B. WHEREAS, capitalized terms used herein shall have the respective meanings ascribed thereto in the Note Purchase Agreement unless herein defined or the context shall otherwise require;
C. WHEREAS, the Company has requested that the Noteholders make certain amendments to the Note Purchase Agreement;
D. WHEREAS, the Required Holders have agreed to the Company’s amendment request and the Required Holders now desire to amend the Note Purchase Agreement in the respects, but only in the
respects, hereinafter set forth; and
E. WHEREAS, all requirements of law have been fully complied with and all other acts and things necessary to make this Amendment a valid, legal and binding instrument according to its
terms for the purposes herein expressed have been done or performed.
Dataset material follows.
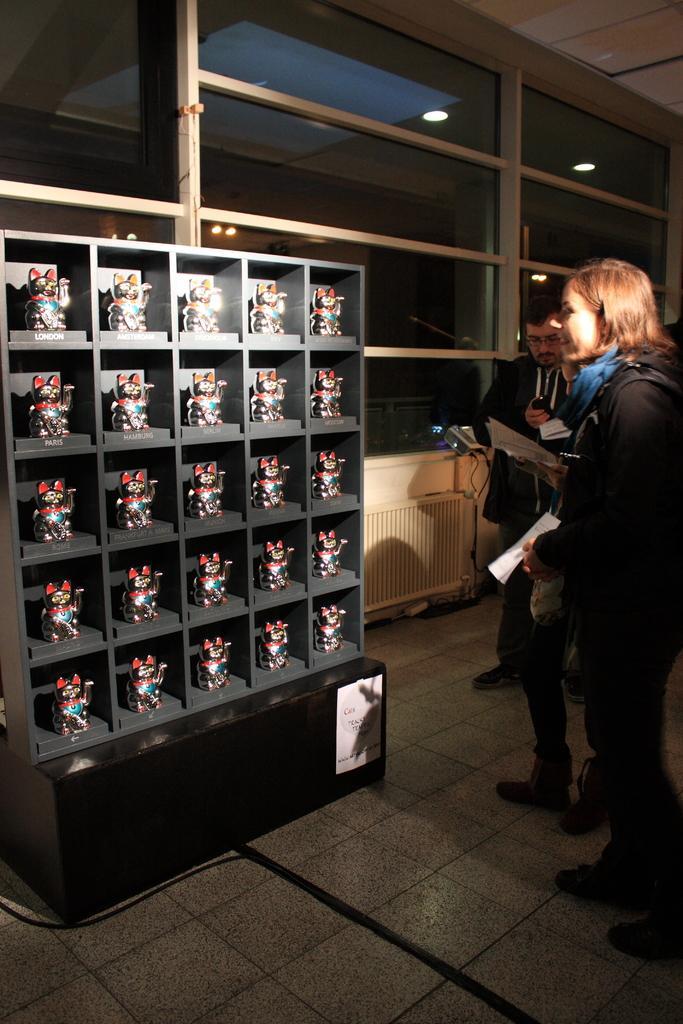Please provide a concise description of this image. In this image on the right side there are some persons who are standing, and they are holding some papers and on the left side there is one cupboard. In that cupboard there are some toys, and in the background there are some glass windows and wall and some lights. At the bottom there is floor, and at the top there is ceiling.

NOW, THEREFORE, upon the full and complete satisfaction of the conditions precedent to the effectiveness of this Amendment set forth in Section 3.1 hereof, and in consideration of good and valuable
consideration the receipt and sufficiency of which are hereby acknowledged, the Company and the Noteholders do hereby agree as follows:
SECTION 1. AMENDMENTS.
1.1. A new Section 9.9 of the Note Purchase Agreement shall be added to read as follows:
Section 9.9. Rating on the Notes. The Company will use commercially reasonable efforts to obtain a Debt
Rating for the Notes from a NRSRO as soon as practicable and, in any event, on or before May 1, 2022. After the Company has obtained such initial Debt Rating for the Notes, the Company shall at all times thereafter maintain a Debt Rating for the
Notes from a NRSRO; provided, that, if the applicable NRSRO (i) ceases providing a Debt Rating for the Notes without having provided the Company with at least 60
days advance notice (other than as a result of the Company failing to pay applicable fees and expenses or failing to reasonably cooperate with the NRSRO)(the earlier of the date notice is provided to the Company or, if no notice is provided, the
date the NRSRO ceases providing the Debt Rating, a “Ratings Withdrawal Event”), or (ii) ceases to qualify as a NRSRO (the date of such event, a “Ratings Agency Event”
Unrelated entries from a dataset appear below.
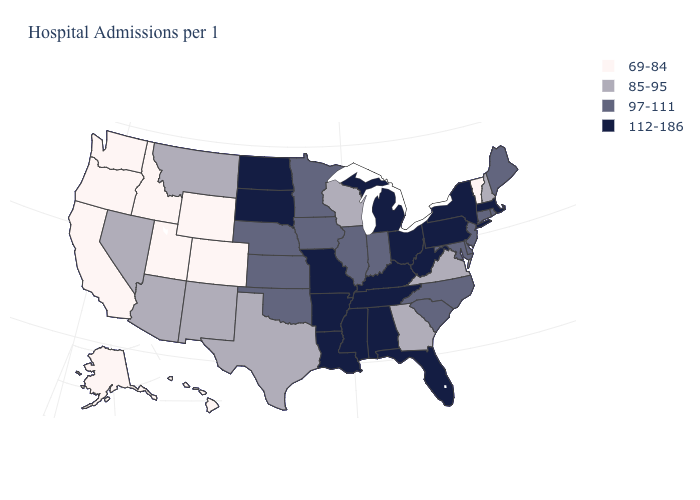What is the lowest value in the USA?
Quick response, please. 69-84. What is the value of Nebraska?
Keep it brief. 97-111. Is the legend a continuous bar?
Short answer required. No. Does Hawaii have the lowest value in the USA?
Be succinct. Yes. Among the states that border Connecticut , which have the highest value?
Write a very short answer. Massachusetts, New York. Name the states that have a value in the range 97-111?
Concise answer only. Connecticut, Delaware, Illinois, Indiana, Iowa, Kansas, Maine, Maryland, Minnesota, Nebraska, New Jersey, North Carolina, Oklahoma, Rhode Island, South Carolina. Does Mississippi have a lower value than California?
Keep it brief. No. Which states have the lowest value in the Northeast?
Give a very brief answer. Vermont. Which states have the highest value in the USA?
Keep it brief. Alabama, Arkansas, Florida, Kentucky, Louisiana, Massachusetts, Michigan, Mississippi, Missouri, New York, North Dakota, Ohio, Pennsylvania, South Dakota, Tennessee, West Virginia. Which states have the highest value in the USA?
Answer briefly. Alabama, Arkansas, Florida, Kentucky, Louisiana, Massachusetts, Michigan, Mississippi, Missouri, New York, North Dakota, Ohio, Pennsylvania, South Dakota, Tennessee, West Virginia. What is the highest value in the South ?
Be succinct. 112-186. Does Hawaii have the same value as Oregon?
Keep it brief. Yes. Does West Virginia have a higher value than Massachusetts?
Be succinct. No. What is the value of South Carolina?
Short answer required. 97-111. What is the highest value in states that border Mississippi?
Write a very short answer. 112-186.

and, together with a Ratings Withdrawal Event, a “Ratings Termination Event”), then the Company shall use its commercially reasonable efforts to obtain a new Debt Rating for the Notes from a NRSRO as soon as
practicable and, in any event, on or before the 60th day following the Ratings Termination Event or, if the Company diligently pursues a new Debt Rating but is unable to do so by the 60th day following the Ratings Termination Event, such period
shall be extended for an additional 30 days. Evidence of any Debt Rating shall (a) be delivered by the Company to the holders of the Notes (1) at least annually (but not more than 30 days prior to each anniversary of the date on which such Debt
Rating was initially obtained) and (2) promptly upon any change in such Debt Rating, (b) set forth the Debt Rating for each series of the Notes, (c) refer to the Private Placement Number issued by CUSIP Global Services, in respect of the Notes, (d)
state that such Debt Rating addresses the likelihood of payment of both the principal and interest of such Notes (which requirement shall be deemed satisfied if such letter is silent as to the likelihood of payment of both principal and interest
and does not otherwise include any indication to the contrary), (e) not include any prohibition against sharing such evidence with the SVO or any other regulatory authority having jurisdiction over the holders of the Notes, and (f) include such
other information relating to such Debt Rating as may be required from time to time by the SVO or any other regulatory authority having jurisdiction over the holders of the Notes and as may be reasonably requested by the Required Holders.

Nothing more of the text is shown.